Answer ... In Spain, there are two phases in the review process.

Phase I starts with submission of the notification form to the Competition Directorate of the National Markets and Competition Commission (CNMC). The Competition Directorate will prepare a report taking into account various factors (see question 4.8) and will issue a proposal for resolution. Based on that, the Council of the CNMC will issue a decision to:

  • authorise the merger;
  • subject the authorisation to commitments proposed by the notifying parties to address the potential obstacles to competition resulting from the merger;
  • open a Phase II investigation, where it considers that the merger may lead to obstacles to competition;
  • send the merger to the European Commission, where it considers that the European Commission has jurisdiction over the merger; or
  • close the proceedings, where it considers that the transaction is not subject to merger control.

Where the Council decides to open a Phase II investigation, the Competition Directorate will publish a non-confidential brief note that shall be communicated to those natural or legal persons that may be affected by the transaction and to the Council of Users and Consumers, so they can submit their comments on the matter within 10 days. Where the transaction will affect an autonomous community, this brief note will also be communicated to the competent bodies of that autonomous community, together with a non-confidential version of the notification, so that they can issue a non-binding report on the merger.

The Competition Directorate will also issue a statement of objections setting out the potential obstacles to competition deriving from the merger, which will be notified to interested parties so they can submit their comments on the matter within 10 days. The Competition Directorate will issue a final proposal for resolution.

The Council will review this proposal for resolution and a hearing may take place upon request of the notifying parties. The Council will then adopt a final decision to:

  • authorise the transaction;
  • submit the transaction to certain commitments proposed by the notifying parties or conditions imposed by the CNMC;
  • prohibit the transaction; or
  • close the proceedings.

This final decision must be notified to the interested parties and the minister of economy and finance.

Where the CNMC’s decision is to prohibit a merger or authorise it subject to commitments or conditions, the minister of economy and finance may decide to elevate it to the Council of Ministers for reasons of general interest. In such case, the Council of Ministers will either confirm the CNMC’s decision or authorise the transaction, with or without conditions, on the grounds of general interest (see question 4.10).

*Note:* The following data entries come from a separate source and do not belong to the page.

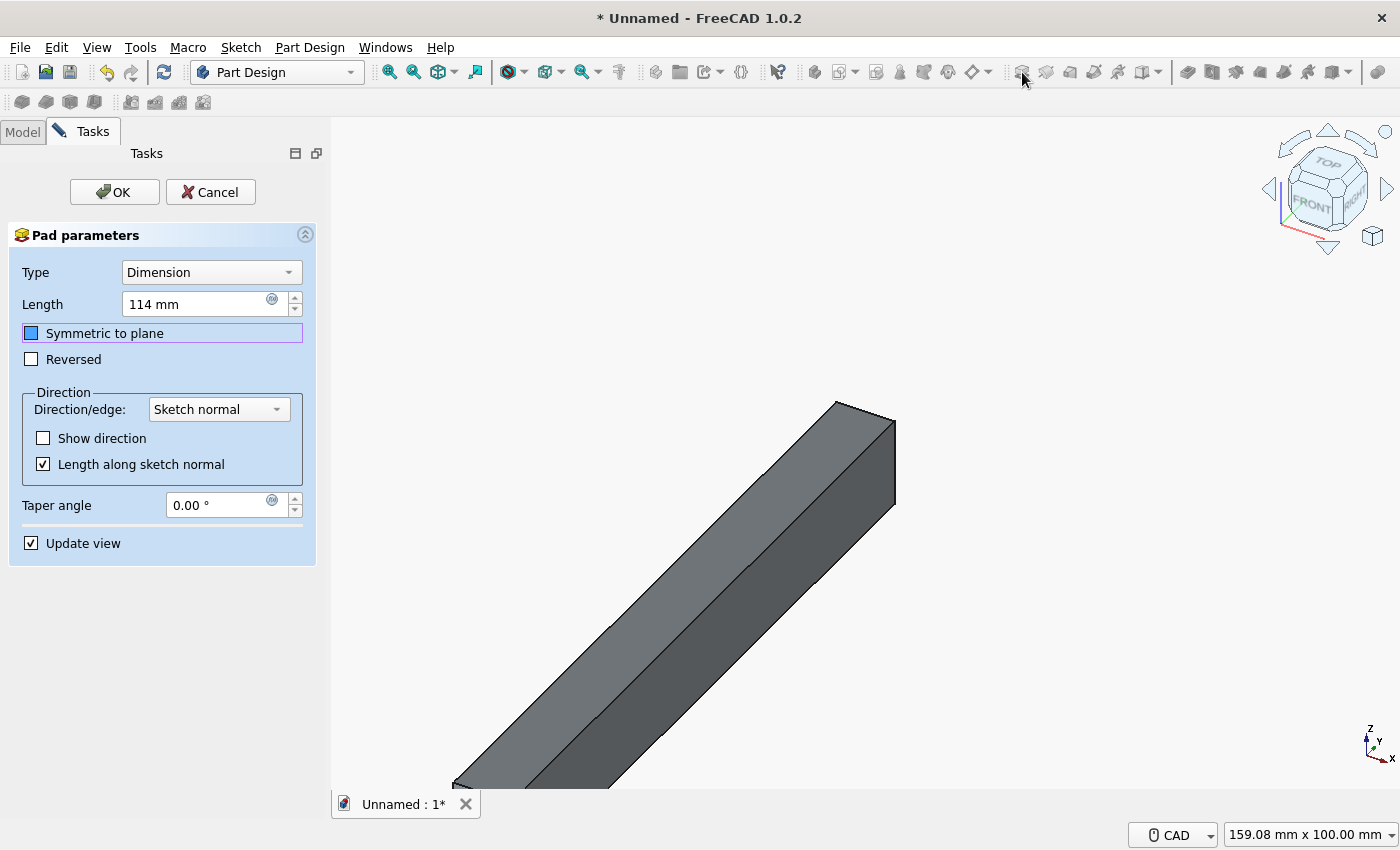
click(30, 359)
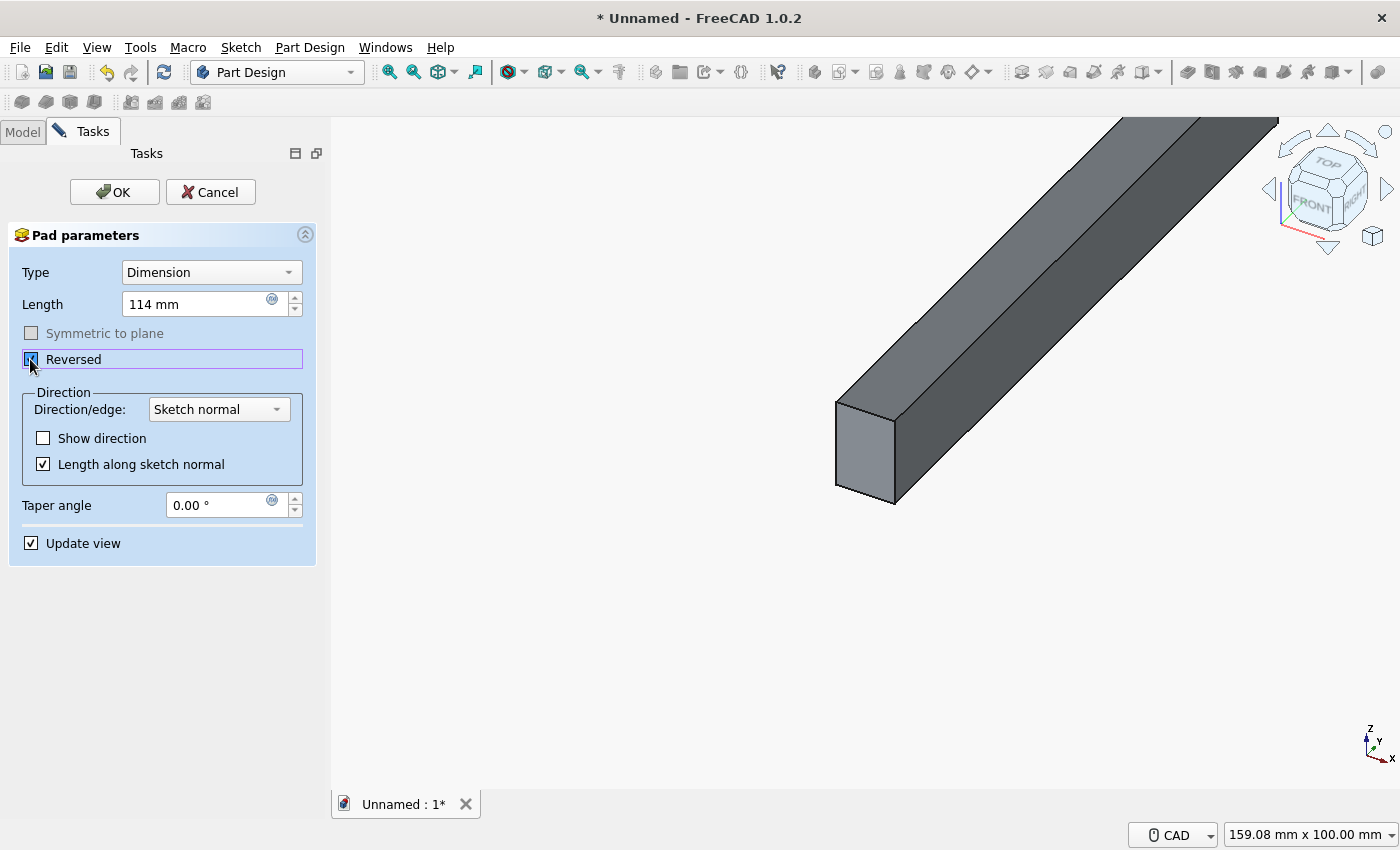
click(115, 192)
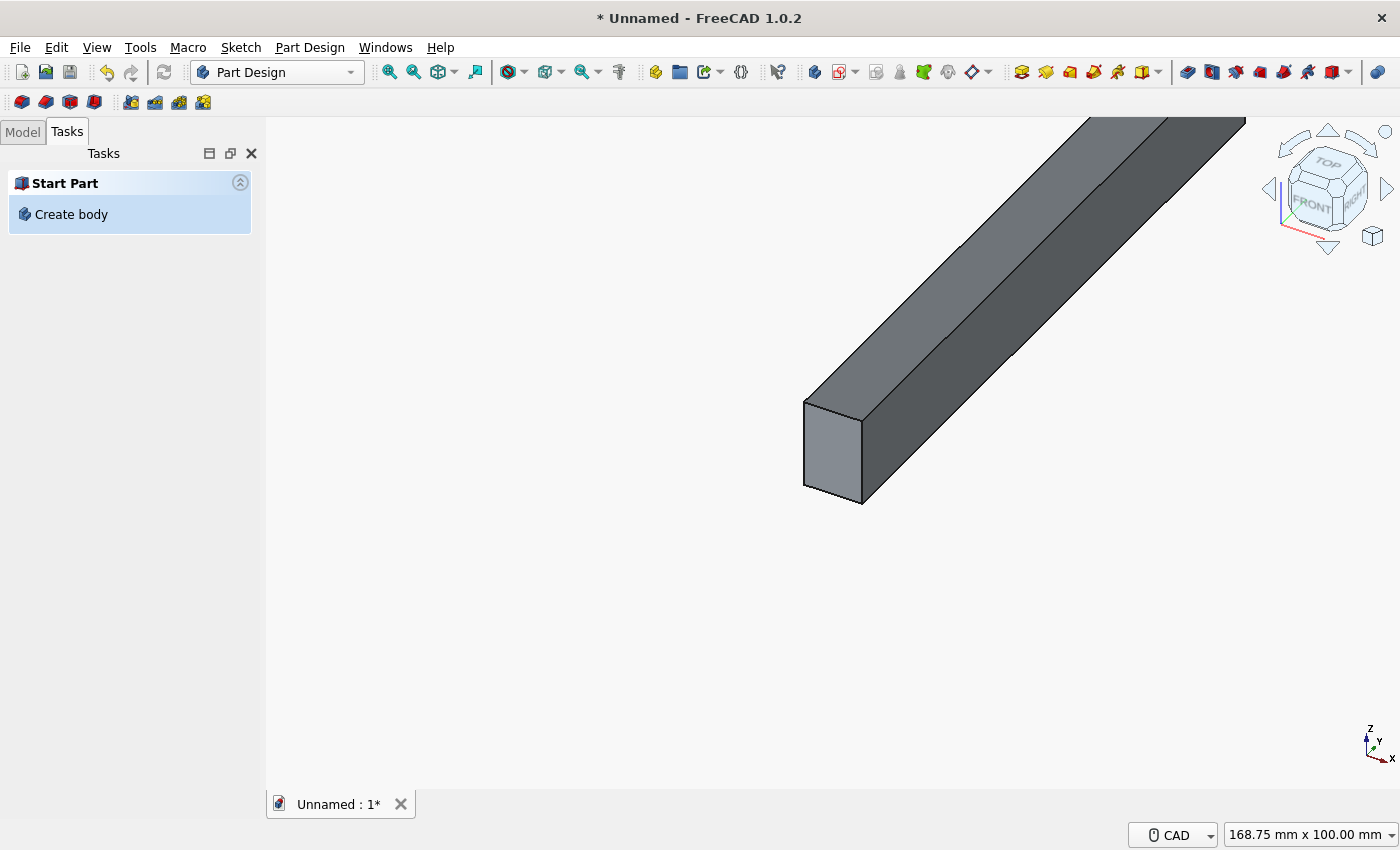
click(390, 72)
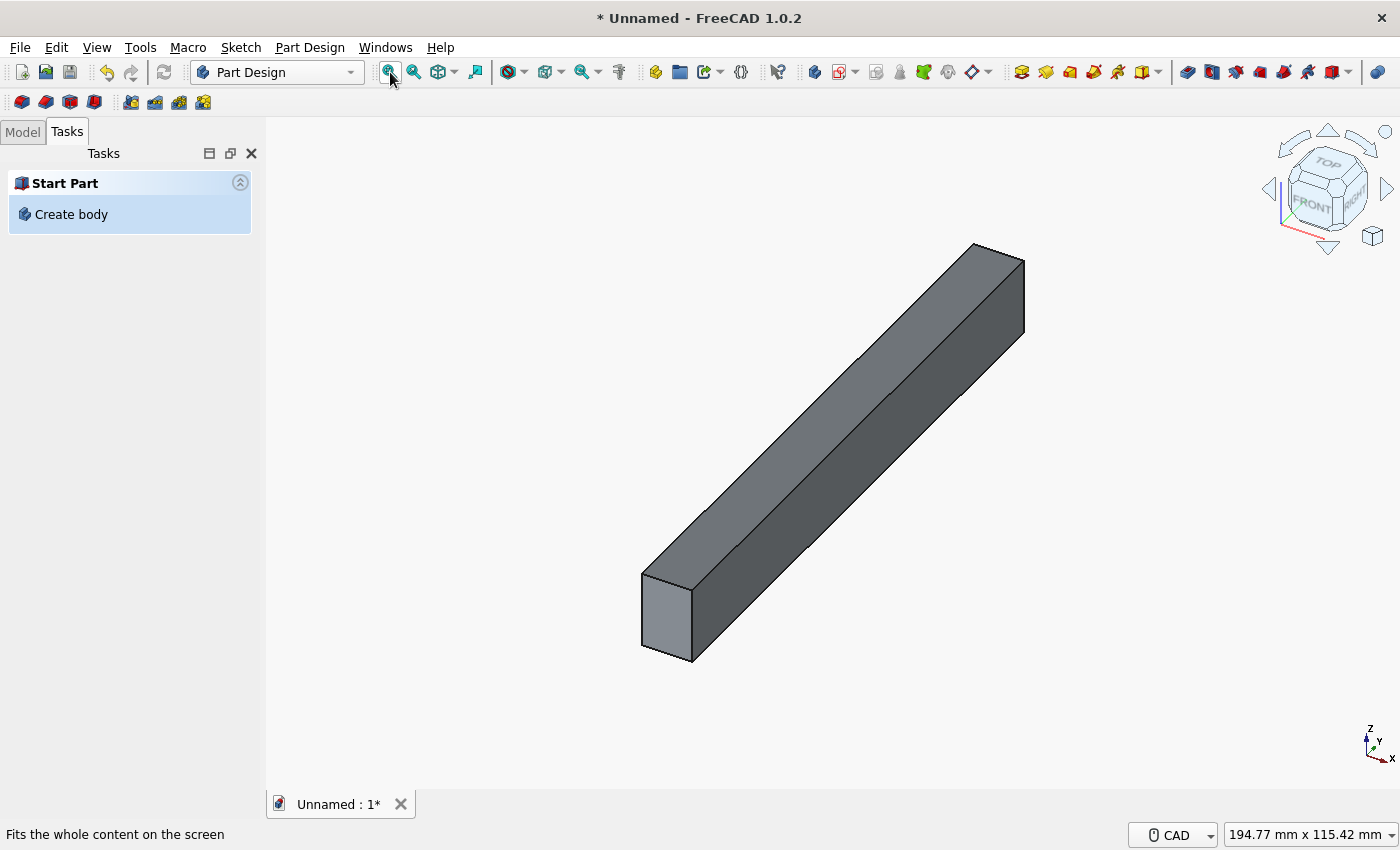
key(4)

During Phases I and II, the notifying parties can submit commitments to the CNMC in order to address any concerns on the merger, either on their own initiative or at the CNMC’s request (see question 5.1).

Phase I can take a maximum of one month, which will be extended by 10 working days if the notifying parties submit commitments in order for the transaction to be authorised. Phase II can last up to two months, which will be extended by 15 additional working days if the notifying parties submit commitments in Phase II. Moreover, the minister of economy and finance has 15 days from receipt of the CNMC’s decision to adopt and notify the decision to elevate it to the Council of Ministers; and the Council of Ministers has one month from receipt of the decision to elevate in order to adopt and notify its decision.

If the CNMC does not adopt and notify a decision within the specified timeframes in either Phase I or Phase II, the transaction is deemed to be tacitly authorised, with the following exceptions:

  • The merger was not notified and the CNMC has required the notifying parties to notify (see question 7.1);
  • The CNMC has requested the notifying parties to supply additional information or documents and they do not comply with this request, or comply only after the deadline to do so has elapsed; or
  • The CNMC decides to send the merger to the European Commission.

If the minister of economy and finance or the Council of Ministers does not adopt and notify the decision within the specified timeframes, the CNMC’s final decision during Phase II will become automatically effective and enforceable.

In both Phase I and II, the CNMC may stop the clock for a number of reasons (see question 4.2).

For more information about this answer please contact: Iñigo Igartua Arregui from Gomez-Acebo & Pombo
4.2
Are there any formal or informal ways of accelerating the timetable for review? Can the authority suspend the timetable for review?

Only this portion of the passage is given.